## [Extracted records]
--- --- ---

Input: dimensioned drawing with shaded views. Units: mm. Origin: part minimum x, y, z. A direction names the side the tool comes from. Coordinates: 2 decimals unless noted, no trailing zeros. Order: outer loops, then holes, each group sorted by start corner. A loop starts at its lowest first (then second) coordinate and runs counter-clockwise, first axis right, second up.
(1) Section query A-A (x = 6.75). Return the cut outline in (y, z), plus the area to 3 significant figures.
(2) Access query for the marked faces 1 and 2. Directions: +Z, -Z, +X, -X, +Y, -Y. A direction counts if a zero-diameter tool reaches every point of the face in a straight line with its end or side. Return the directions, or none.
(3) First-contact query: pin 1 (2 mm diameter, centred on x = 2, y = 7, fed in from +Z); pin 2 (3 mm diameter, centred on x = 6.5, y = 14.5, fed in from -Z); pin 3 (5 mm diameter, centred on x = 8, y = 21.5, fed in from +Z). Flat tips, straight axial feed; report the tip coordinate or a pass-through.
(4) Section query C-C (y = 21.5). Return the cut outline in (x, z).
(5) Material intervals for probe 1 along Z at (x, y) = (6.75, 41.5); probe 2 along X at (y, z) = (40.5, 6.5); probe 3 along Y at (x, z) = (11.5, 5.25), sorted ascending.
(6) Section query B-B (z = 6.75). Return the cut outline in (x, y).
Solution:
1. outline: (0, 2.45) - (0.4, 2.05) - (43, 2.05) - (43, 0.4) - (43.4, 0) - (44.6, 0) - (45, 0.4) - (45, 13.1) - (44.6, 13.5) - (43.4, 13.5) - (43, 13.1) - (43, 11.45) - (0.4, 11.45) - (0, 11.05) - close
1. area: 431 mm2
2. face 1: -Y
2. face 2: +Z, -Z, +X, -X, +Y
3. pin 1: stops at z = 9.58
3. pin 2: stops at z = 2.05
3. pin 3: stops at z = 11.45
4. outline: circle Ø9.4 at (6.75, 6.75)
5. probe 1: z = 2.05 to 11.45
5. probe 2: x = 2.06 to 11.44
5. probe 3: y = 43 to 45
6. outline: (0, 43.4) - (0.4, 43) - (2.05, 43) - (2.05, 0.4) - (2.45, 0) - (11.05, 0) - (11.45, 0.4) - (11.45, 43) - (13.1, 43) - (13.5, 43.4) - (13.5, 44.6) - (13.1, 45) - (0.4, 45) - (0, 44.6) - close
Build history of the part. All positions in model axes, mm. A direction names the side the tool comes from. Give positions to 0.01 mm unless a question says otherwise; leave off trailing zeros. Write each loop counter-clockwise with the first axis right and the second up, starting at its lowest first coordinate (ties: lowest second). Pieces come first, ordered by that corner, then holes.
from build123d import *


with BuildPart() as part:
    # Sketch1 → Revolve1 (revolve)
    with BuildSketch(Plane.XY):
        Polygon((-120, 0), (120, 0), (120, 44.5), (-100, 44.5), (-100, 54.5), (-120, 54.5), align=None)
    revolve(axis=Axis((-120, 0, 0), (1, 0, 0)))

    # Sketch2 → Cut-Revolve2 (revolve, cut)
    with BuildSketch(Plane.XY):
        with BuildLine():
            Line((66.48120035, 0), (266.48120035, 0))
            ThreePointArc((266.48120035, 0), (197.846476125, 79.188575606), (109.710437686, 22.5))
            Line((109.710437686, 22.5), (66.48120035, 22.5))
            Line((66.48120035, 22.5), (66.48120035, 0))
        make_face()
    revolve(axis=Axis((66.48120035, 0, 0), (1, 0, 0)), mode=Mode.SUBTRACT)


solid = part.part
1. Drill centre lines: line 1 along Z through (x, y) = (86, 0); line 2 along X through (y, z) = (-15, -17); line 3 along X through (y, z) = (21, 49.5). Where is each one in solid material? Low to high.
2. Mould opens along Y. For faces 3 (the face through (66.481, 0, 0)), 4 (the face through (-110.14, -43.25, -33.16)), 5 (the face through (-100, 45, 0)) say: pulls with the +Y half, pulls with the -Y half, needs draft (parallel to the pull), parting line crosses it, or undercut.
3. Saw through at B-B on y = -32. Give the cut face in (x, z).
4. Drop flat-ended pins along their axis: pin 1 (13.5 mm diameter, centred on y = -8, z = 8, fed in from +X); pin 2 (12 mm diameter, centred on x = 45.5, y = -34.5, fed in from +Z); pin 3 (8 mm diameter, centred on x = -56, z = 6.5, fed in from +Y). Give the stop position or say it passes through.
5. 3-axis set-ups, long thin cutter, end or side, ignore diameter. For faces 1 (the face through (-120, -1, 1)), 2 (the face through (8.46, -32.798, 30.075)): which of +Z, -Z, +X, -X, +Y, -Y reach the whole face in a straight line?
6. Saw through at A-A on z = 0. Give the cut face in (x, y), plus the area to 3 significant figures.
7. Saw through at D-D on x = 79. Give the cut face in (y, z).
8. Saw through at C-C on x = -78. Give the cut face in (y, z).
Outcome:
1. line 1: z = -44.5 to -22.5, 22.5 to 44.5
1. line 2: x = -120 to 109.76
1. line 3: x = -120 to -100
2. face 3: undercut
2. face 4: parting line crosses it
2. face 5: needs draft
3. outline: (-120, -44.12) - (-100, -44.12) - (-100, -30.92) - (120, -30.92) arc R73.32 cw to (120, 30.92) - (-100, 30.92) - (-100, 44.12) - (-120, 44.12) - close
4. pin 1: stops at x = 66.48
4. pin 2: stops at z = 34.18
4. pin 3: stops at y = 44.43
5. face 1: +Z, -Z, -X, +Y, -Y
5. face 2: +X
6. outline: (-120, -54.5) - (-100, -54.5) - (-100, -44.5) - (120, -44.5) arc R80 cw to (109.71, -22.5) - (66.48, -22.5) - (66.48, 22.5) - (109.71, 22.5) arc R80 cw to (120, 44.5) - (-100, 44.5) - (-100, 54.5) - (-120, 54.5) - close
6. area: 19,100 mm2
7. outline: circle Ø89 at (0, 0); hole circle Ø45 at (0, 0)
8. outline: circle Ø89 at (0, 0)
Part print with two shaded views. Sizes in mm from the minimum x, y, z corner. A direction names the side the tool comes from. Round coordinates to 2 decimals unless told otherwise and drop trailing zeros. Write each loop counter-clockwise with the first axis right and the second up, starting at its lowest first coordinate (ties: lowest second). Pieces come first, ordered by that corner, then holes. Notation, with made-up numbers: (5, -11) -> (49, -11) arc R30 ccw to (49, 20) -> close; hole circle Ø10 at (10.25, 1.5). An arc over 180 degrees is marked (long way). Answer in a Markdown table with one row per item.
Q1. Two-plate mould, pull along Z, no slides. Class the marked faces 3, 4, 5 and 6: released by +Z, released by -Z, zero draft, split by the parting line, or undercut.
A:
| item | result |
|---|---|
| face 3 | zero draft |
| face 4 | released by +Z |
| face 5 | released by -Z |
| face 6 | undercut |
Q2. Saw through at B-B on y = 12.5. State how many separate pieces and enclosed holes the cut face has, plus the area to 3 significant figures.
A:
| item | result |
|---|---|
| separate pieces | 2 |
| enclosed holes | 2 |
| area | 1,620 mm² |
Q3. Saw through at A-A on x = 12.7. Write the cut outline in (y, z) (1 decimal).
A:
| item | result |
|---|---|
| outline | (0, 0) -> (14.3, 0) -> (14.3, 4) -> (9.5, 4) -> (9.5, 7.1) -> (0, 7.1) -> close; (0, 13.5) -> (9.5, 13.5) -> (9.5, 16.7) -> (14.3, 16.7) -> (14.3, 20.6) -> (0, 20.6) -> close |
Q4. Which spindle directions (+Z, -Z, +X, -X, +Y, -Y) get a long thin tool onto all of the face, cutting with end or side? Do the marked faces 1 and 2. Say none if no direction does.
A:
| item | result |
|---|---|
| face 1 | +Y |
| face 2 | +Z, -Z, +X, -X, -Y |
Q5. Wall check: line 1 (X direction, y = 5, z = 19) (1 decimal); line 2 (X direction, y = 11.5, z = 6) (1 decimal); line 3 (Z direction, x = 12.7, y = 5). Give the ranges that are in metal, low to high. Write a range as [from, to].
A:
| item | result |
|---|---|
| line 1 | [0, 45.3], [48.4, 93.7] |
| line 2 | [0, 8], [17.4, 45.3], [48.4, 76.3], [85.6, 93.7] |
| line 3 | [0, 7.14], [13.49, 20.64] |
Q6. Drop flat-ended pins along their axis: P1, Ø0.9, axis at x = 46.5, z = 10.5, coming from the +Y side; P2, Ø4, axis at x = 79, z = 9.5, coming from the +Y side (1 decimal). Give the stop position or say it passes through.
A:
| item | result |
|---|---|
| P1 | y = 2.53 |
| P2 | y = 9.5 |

--- --- ---

## [Your goal]
Identify the lines above that contain the word "counter", then copy them.

## [Response below]
Input: dimensioned drawing with shaded views. Units: mm. Origin: part minimum x, y, z. A direction names the side the tool comes from. Coordinates: 2 decimals unless noted, no trailing zeros. Order: outer loops, then holes, each group sorted by start corner. A loop starts at its lowest first (then second) coordinate and runs counter-clockwise, first axis right, second up.
Build history of the part. All positions in model axes, mm. A direction names the side the tool comes from. Give positions to 0.01 mm unless a question says otherwise; leave off trailing zeros. Write each loop counter-clockwise with the first axis right and the second up, starting at its lowest first coordinate (ties: lowest second). Pieces come first, ordered by that corner, then holes.
Part print with two shaded views. Sizes in mm from the minimum x, y, z corner. A direction names the side the tool comes from. Round coordinates to 2 decimals unless told otherwise and drop trailing zeros. Write each loop counter-clockwise with the first axis right and the second up, starting at its lowest first coordinate (ties: lowest second). Pieces come first, ordered by that corner, then holes. Notation, with made-up numbers: (5, -11) -> (49, -11) arc R30 ccw to (49, 20) -> close; hole circle Ø10 at (10.25, 1.5). An arc over 180 degrees is marked (long way). Answer in a Markdown table with one row per item.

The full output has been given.